- It’s possible you survived the whole weekend without hearing about the unmasking of Elena Ferrante, whose “true identity” (like those exist!) was revealed yesterday by some Italian guy behaving Italianly in the New York Review of Books. If you missed this story, reader—lucky you! I won’t harsh your buzz. You can keep on not knowing Ferrante’s “identity,” as she would’ve wanted it, and I can keep on thinking about which soup I’ll get for lunch today, as I can only assume she would want, too. Deal? Instead, read her Art of Fiction review from our Spring 2015 issue, where she discusses at some length the reasons behind her pseudonym. Or read Dayna Tortorici: “Even the stones know that Ferrante is Ferrante, and that’s the way her readers want it. More than Ferrante herself, her readers have benefited from her choice, spared so much extradiegetic noise. We are as invested in her anonymity—and her autonomy—as she is. It is a compact: she won’t tell us, we won’t ask, and she won’t change her mind and tell us anyway. In exchange, she’ll write books and we’ll read them. The feminist defense of Ferrante’s privacy was especially swift. It’s difficult to read a man’s attempt to ‘out’ a writer who has said she would stop writing if she were ever identified as anything but an attempt to make her stop writing.”

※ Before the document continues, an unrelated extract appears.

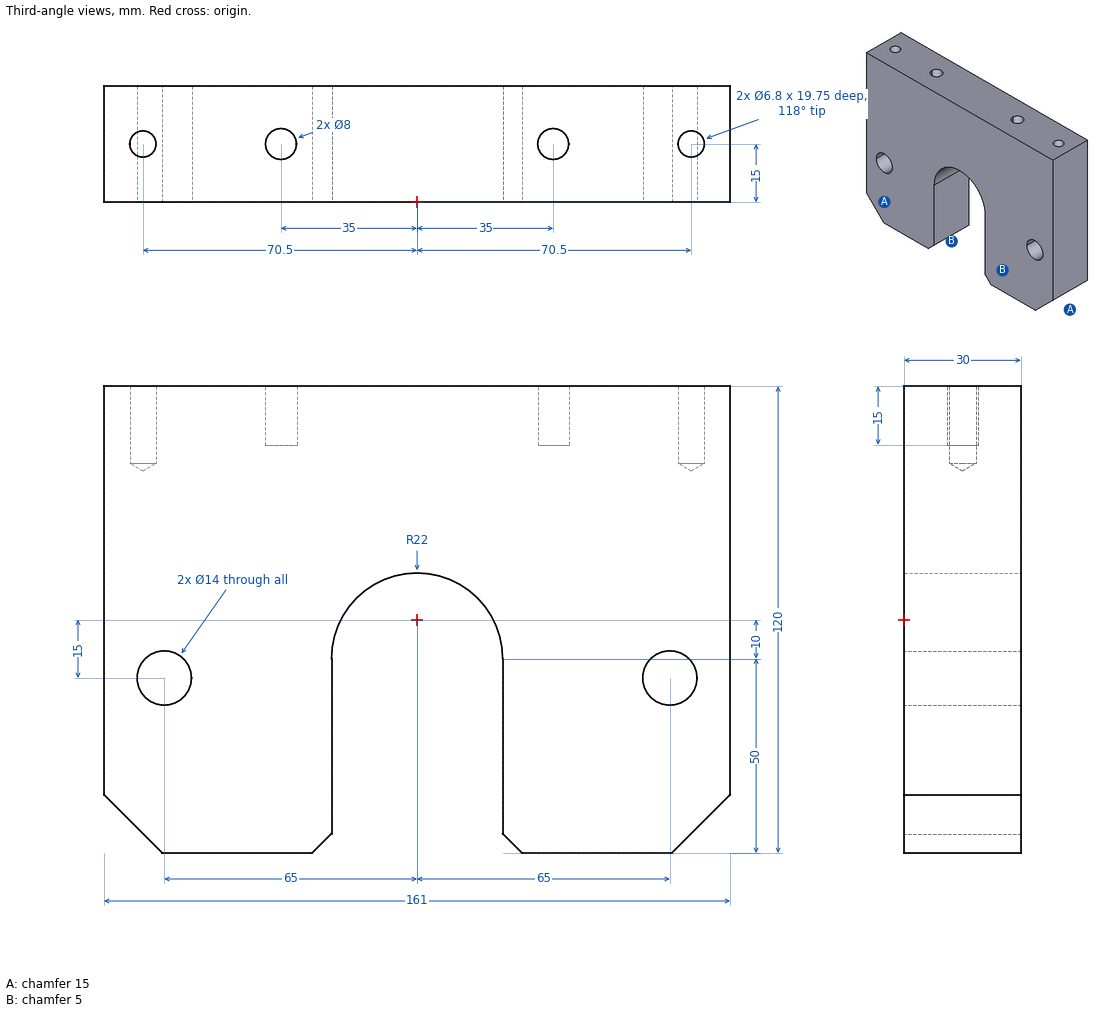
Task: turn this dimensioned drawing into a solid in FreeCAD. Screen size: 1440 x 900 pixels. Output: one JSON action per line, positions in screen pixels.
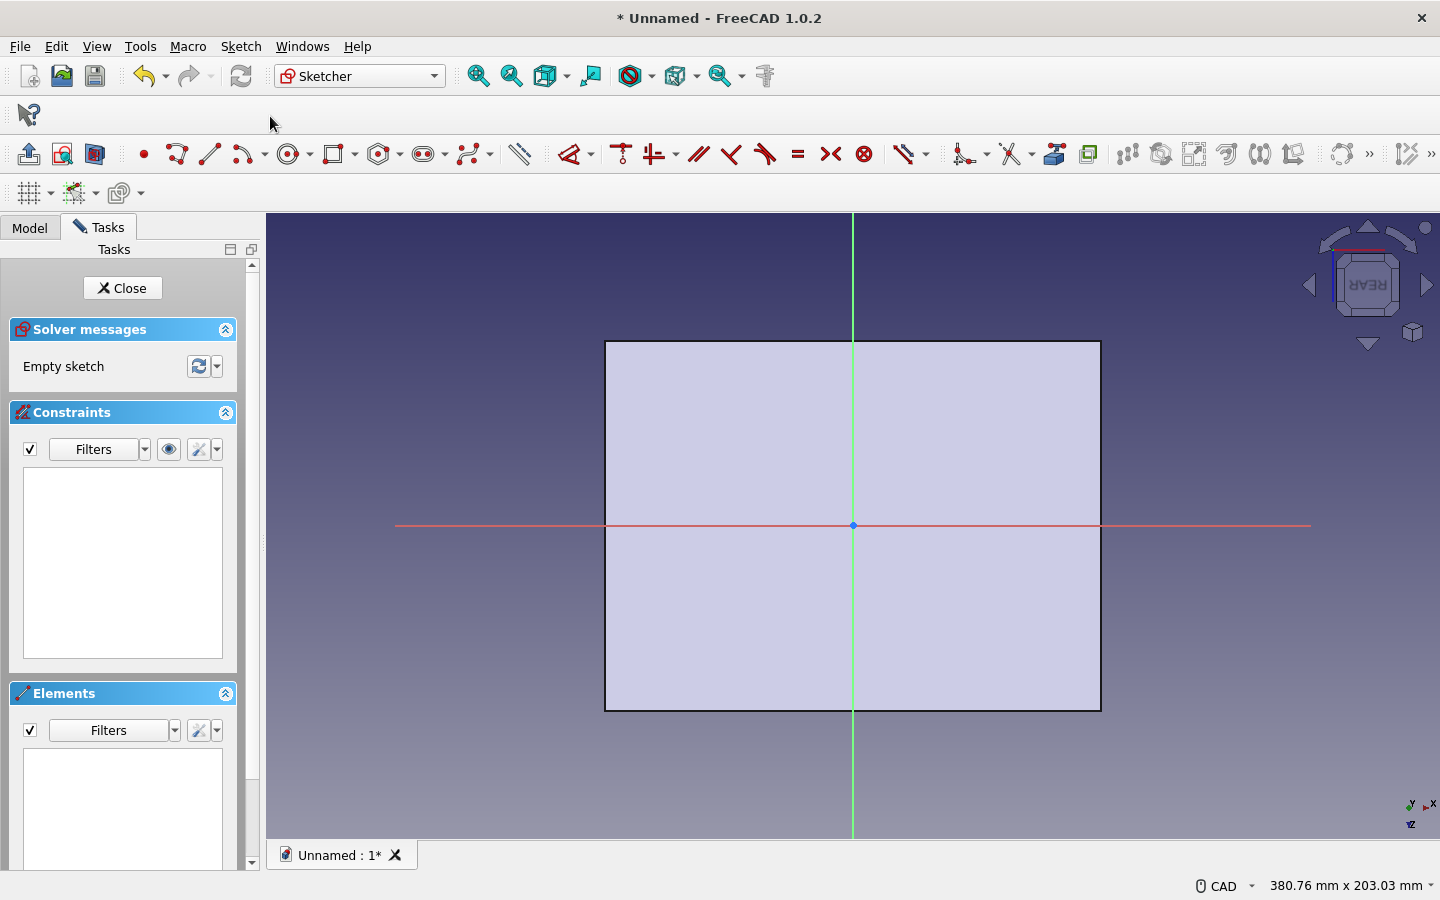
{"action": "scroll", "coordinate": [936, 362], "scroll_direction": "up", "scroll_amount": 3}

- Now, let’s divert our attention to a much less controversial story from the NYRB: Nathaniel Rich on George Plimpton. “The quintessential Plimptonian anecdote comes near the end of Paper Lion when, a year after leaving the team, he wistfully follows his old squad from afar. We find him in Bellagio, on Lake Como, chasing down a box score in a Paris Herald he has found at a waterside café. ‘When I read that the Lions had lost a game,’ he writes, ‘I rose in anguish out of my chair, absolutely stiff with grief, my knee catching the edge of the table as I came up, and toppling it over in a fine cascade of Perrier bottles’ … Philip Roth, in the extended appreciation of Plimpton that appears in Exit Ghost, identified the issue of social class as ‘the deepest inspiration for his writing so singularly about sports’ … But the technique only works because Plimpton hides this knowing quality from his readers. There is never a wink or nod in the direction of the premise’s artifice. A consummate straight man, he emphasizes how seriously he is taking matters.”

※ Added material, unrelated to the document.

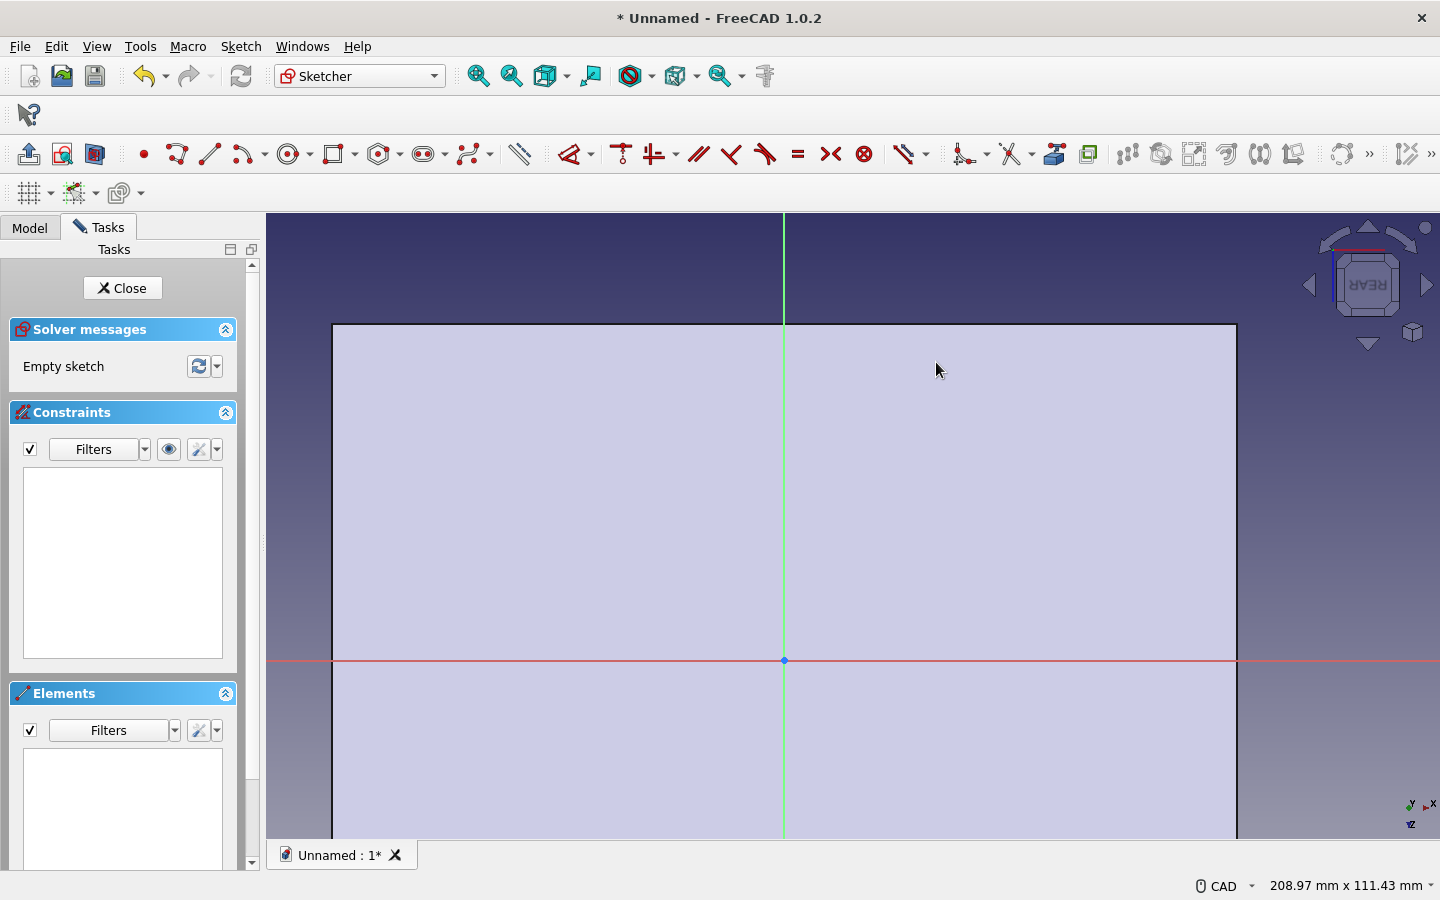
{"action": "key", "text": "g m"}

- Michael Hofmann has some advice for translators: just don’t think about it. If you’re one of those “thinking” types, put a sock in it, he writes: “Translation offers great potential for over-thinking. Most of this is not done by translators—we don’t have the time, or the aptitude, most of us. I had what felt to me like exquisitely interesting thoughts about English and German and the author while I was translating Kafka, but I couldn’t capture any of them—I would have ground to a halt. I was briefly in a fascinating position, but, thankfully, it passed. I like thinking; but as a translator, it’s not what I’m paid for. What I do is to strike the two stones of English and German against each other, for as brief a time as possible. Most of my time is spent, and almost all my enjoyment comes from, blowing on the tiny flames.”
- If the aftermath of Lionel Shriver’s controversial speech—i.e. the scandal we couldn’t forget about before this unforgettable Elena Ferrante scandal came along to help us forget it—Jess Row has a few ideas about what a white writer of fiction might reasonably do: “We still live in a culture in which white people are very seldom stopped from doing anything they want to do, and when they are stopped or challenged, get extraordinarily upset about it … My term for it is ‘white dreamtime.’ And waking up in the middle of a dream, as we all know, is an unpleasant experience … The white writer, in this Shriver/Franzen formulation, is entitled to a zone of absolute privacy and limitless artistic autonomy; if a critic makes an observation about their work on the order of, ‘this person is depicted stereotypically,’ or ‘this wide-ranging, ambitious urban American social novel lacks a single nonwhite character,’ that critic is attacking their private imaginative process, their dream-life, rather than simply reading the work itself.”
- When Rene Magritte wasn’t stoking the flames of his surreal obsession with men in bowler hats, he was writing art criticism: and now some of it is finally available in English. E.g.: “People do not want a diamond for its intrinsic properties—its authentic qualities alone—but because, as it costs a great deal, it gives the man who possesses it a kind of superiority over his fellow men, and is a concrete expression of social inequality. Besides, things have reached such an absurd point that if you buy a fake diamond unawares, you will be just as satisfied, because you have paid the price of the genuine article. It is no different with art.”